Extensions use the already existing data structures of the basic modules, and also create their own, closed to the basic structures. In some cases, some extensions may refer to other extensions (the presence of dependency managers such as
composer only contributes to the appearance of longer chains of modules dependent on each other).
Each module (basic or extension) goes its own way of development, on which the data structures it uses changes. For example, here is an excerpt from the list of files that change the data structure in the database for the Mage_Core Magento module:
install-1.6.0.0.php ... upgrade-1.6.0.1-1.6.0.2.php upgrade-1.6.0.2-1.6.0.3.php upgrade-1.6.0.3-1.6.0.4.php
Here, to get the final data structure of version 1.6.0.4, you must first apply the install-1.6.0.0.php script, and then in turn all the scripts from upgrade-1.6.0.1-1.6.0.2.php to upgrade-1.6.0.3-1.6.0.4 .php (why there is no upgrade-1.6.0.0-1.6.0.1.php - I do not know). Scripts through the mechanism of Magento ORM add new elements of the structure (tables, fields, indexes), change the existing, remove obsolete. Such scripts can be used in any Magento extension - the basic functionality will detect them and apply them in the desired sequence. Taking into account intermodular dependencies. In general, a completely successful approach, which allows you to build rather complex data structures (of the order of hundreds of tables) quite independently. For my part, I see two points that I would like to improve.
Namespaces
First, use namespaces (namespaces) not only at the level of modules (Mage_Core, Mage_Catalog, ...), but also at the level of data structures. With a sufficiently large number of extension developers, the probability of the occurrence of tables with the name, say,
group or
message in various modules becomes significantly non-zero. Most major or intelligent developers prefix their structures (aw_, amasty_, prxgt_, ...), but I have seen that some modules create tables with the names
cc and
csv . The presence of the namespace allows to “untie” between the modules not only the tables (entities of the projected subject area), but also the fields of the tables (attributes of entities).
Declarative description
Secondly, to create the data structure of the module, use not the program code (the imperative approach), but the xml description (the declarative approach) - like
Hibernate Mapping Files . In this case, the basic functionality has the ability to analyze xml descriptions for all modules involved in the project without changing the data structures in the database and issue a diagnostic message if any inconsistencies are found (for example, module B adds an attribute / field to an entity / table defined in module A, but in the current version of module A, this entity is no longer used).
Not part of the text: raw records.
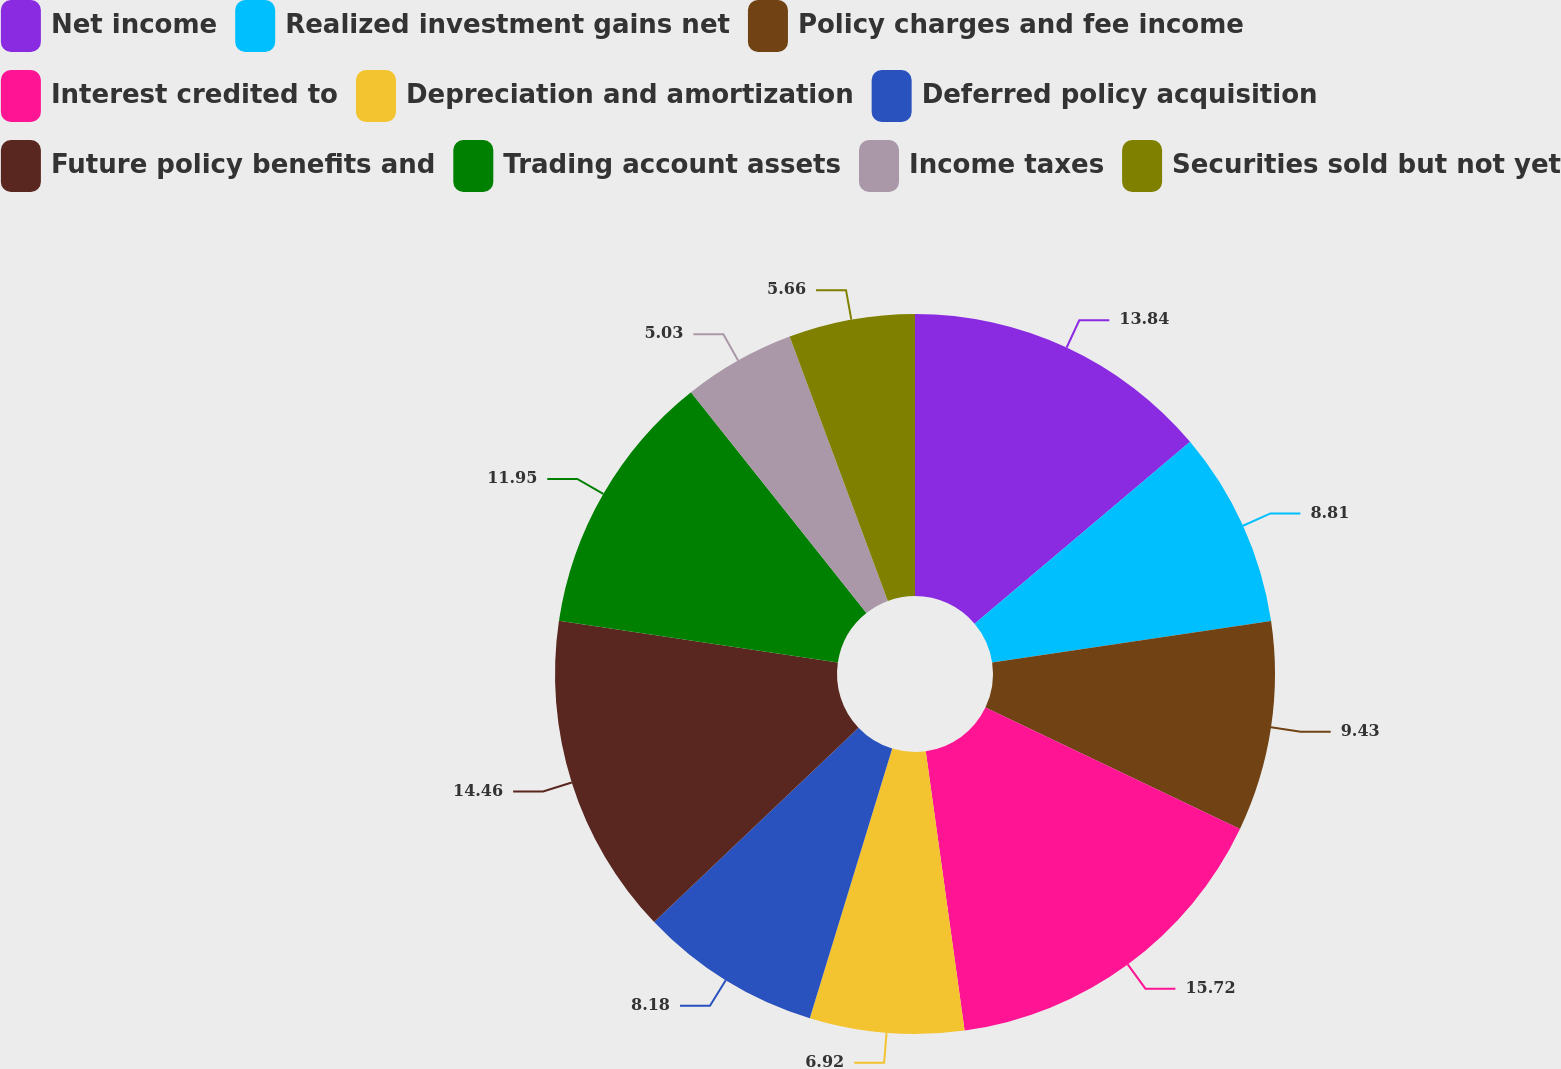Convert chart. <chart><loc_0><loc_0><loc_500><loc_500><pie_chart><fcel>Net income<fcel>Realized investment gains net<fcel>Policy charges and fee income<fcel>Interest credited to<fcel>Depreciation and amortization<fcel>Deferred policy acquisition<fcel>Future policy benefits and<fcel>Trading account assets<fcel>Income taxes<fcel>Securities sold but not yet<nl><fcel>13.84%<fcel>8.81%<fcel>9.43%<fcel>15.72%<fcel>6.92%<fcel>8.18%<fcel>14.46%<fcel>11.95%<fcel>5.03%<fcel>5.66%<nl></chart> 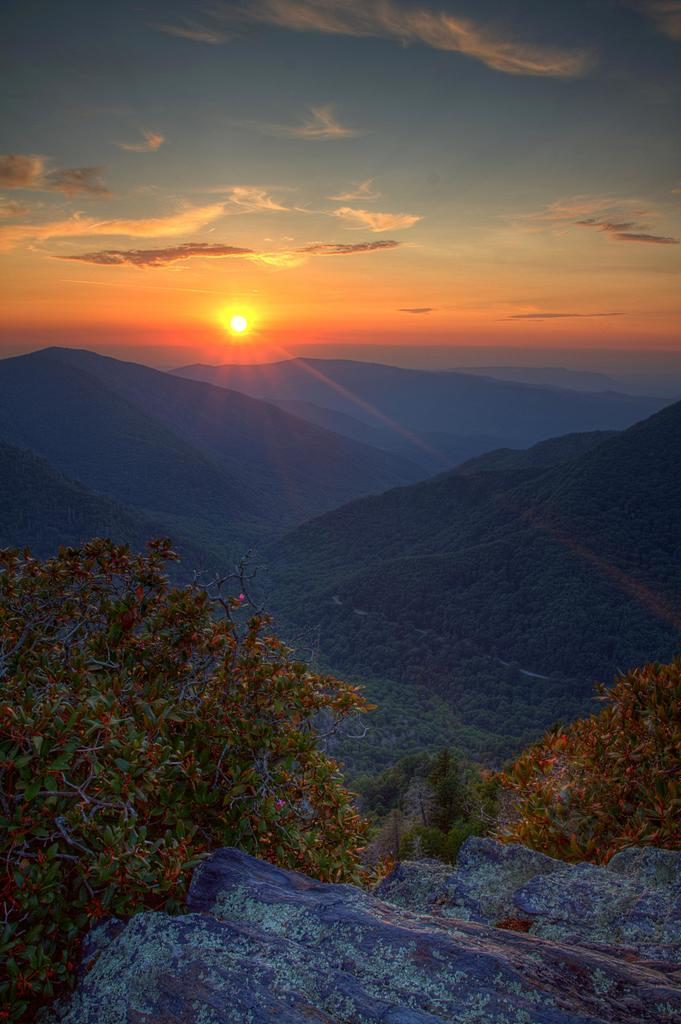What is located at the bottom of the image? There is a rock at the bottom of the image. What is behind the rock in the image? There are trees behind the rock. What is visible behind the trees in the image? There are hills behind the trees. What can be seen in the sky in the image? The sky is visible at the top of the image, and there are clouds and the sun in the sky. What type of zipper can be seen on the rock in the image? There is no zipper present on the rock in the image. What rhythm is the sun following in the image? The sun does not follow a rhythm in the image; it is a celestial body that appears to be stationary in the sky. 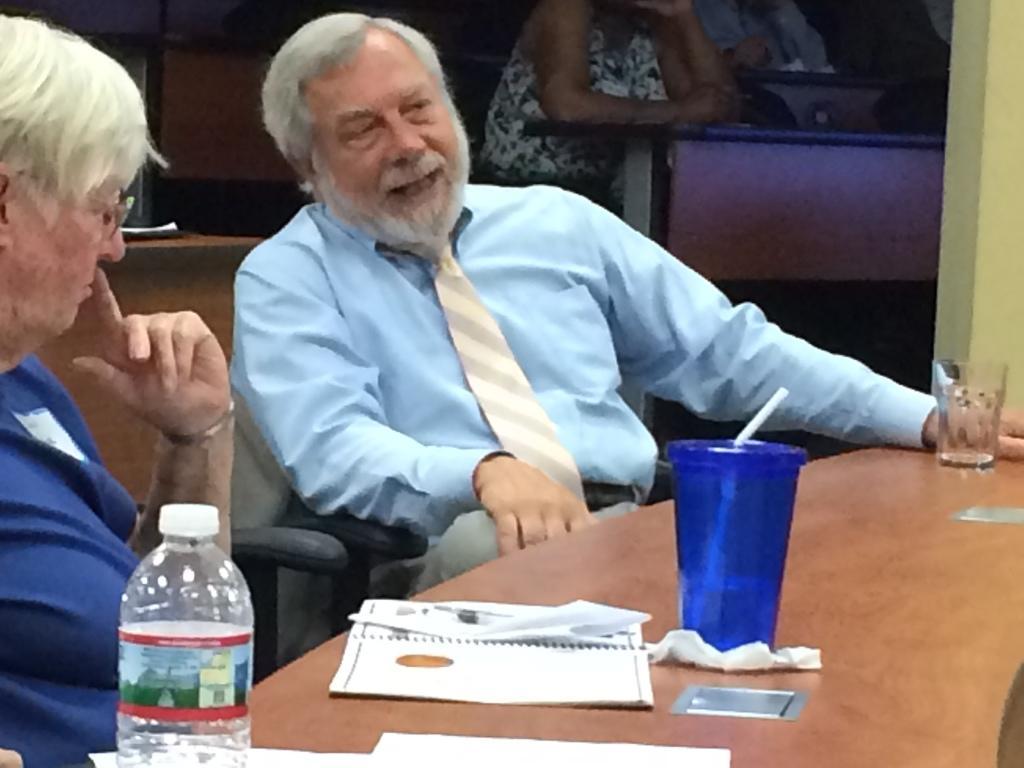Could you give a brief overview of what you see in this image? In the picture we can see a man sitting on the chair just beside to him there is another person sitting in a chair near the table. On the table we can find bottle, a blue glass with straw and another glass. And we can also see some papers and tissue, in the background we can see some persons are sitting on the near the desk. 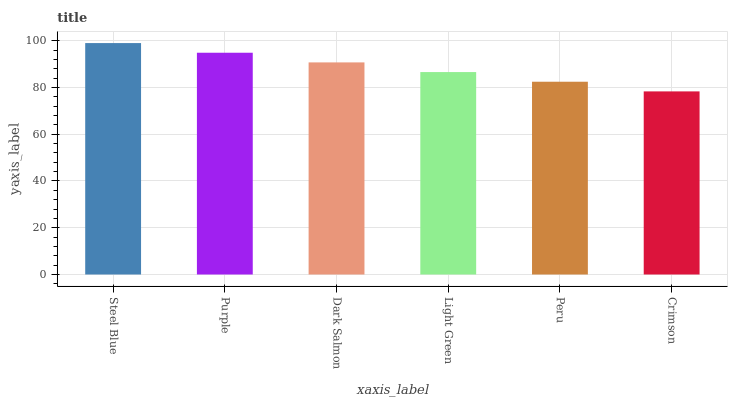Is Crimson the minimum?
Answer yes or no. Yes. Is Steel Blue the maximum?
Answer yes or no. Yes. Is Purple the minimum?
Answer yes or no. No. Is Purple the maximum?
Answer yes or no. No. Is Steel Blue greater than Purple?
Answer yes or no. Yes. Is Purple less than Steel Blue?
Answer yes or no. Yes. Is Purple greater than Steel Blue?
Answer yes or no. No. Is Steel Blue less than Purple?
Answer yes or no. No. Is Dark Salmon the high median?
Answer yes or no. Yes. Is Light Green the low median?
Answer yes or no. Yes. Is Crimson the high median?
Answer yes or no. No. Is Peru the low median?
Answer yes or no. No. 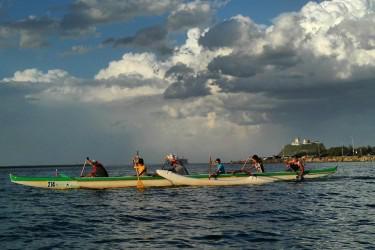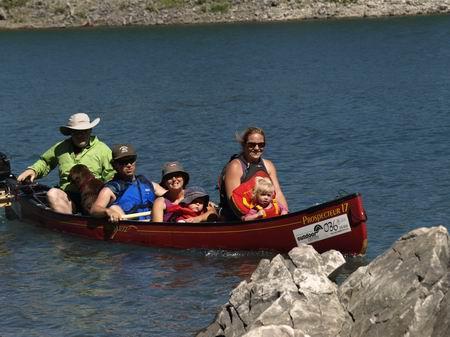The first image is the image on the left, the second image is the image on the right. For the images shown, is this caption "An image shows one boat with at least four aboard going to the right." true? Answer yes or no. Yes. The first image is the image on the left, the second image is the image on the right. Examine the images to the left and right. Is the description "There are two vessels in the water in one of the images." accurate? Answer yes or no. Yes. 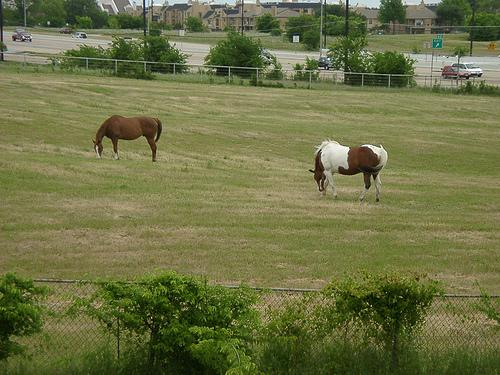Question: who is in the field?
Choices:
A. Cow.
B. Goat.
C. Horse.
D. Pig.
Answer with the letter. Answer: C Question: where are the animals standing?
Choices:
A. In grass.
B. Zoo.
C. Dirt.
D. Water.
Answer with the letter. Answer: A Question: how many animals?
Choices:
A. One.
B. Six.
C. One hundred eight.
D. Two.
Answer with the letter. Answer: D

Moreover, the basic functionality can restore the declarative description of an already existing data structure (the description can be stored in the meta-data of the structure or restored from the names of tables / fields / indexes). In this case, it is also possible to automatically diagnose the compliance of the existing data structure with the requirements of the newly installed extension (extension group).
Summary
My experience in deploying web-based projects using third-party extensions suggests the need for a tool that allows different, loosely coupled teams to jointly and consistently design the final database structure. At a minimum, such a tool should allow decoupling the same-name entities / tables of different modules through the namespace. Perhaps, in such a tool, a declarative description of the target domain (the whole or only its significant part) is used. As a maximum, such a tool weakly depends on the language in which the application itself is created - data processing in the same database can be conducted from various applications / utilities / consoles, or rather, can support several programming languages ​​(php, python, java, c #, javascript, ...).
I would appreciate links to these tools, if they exist.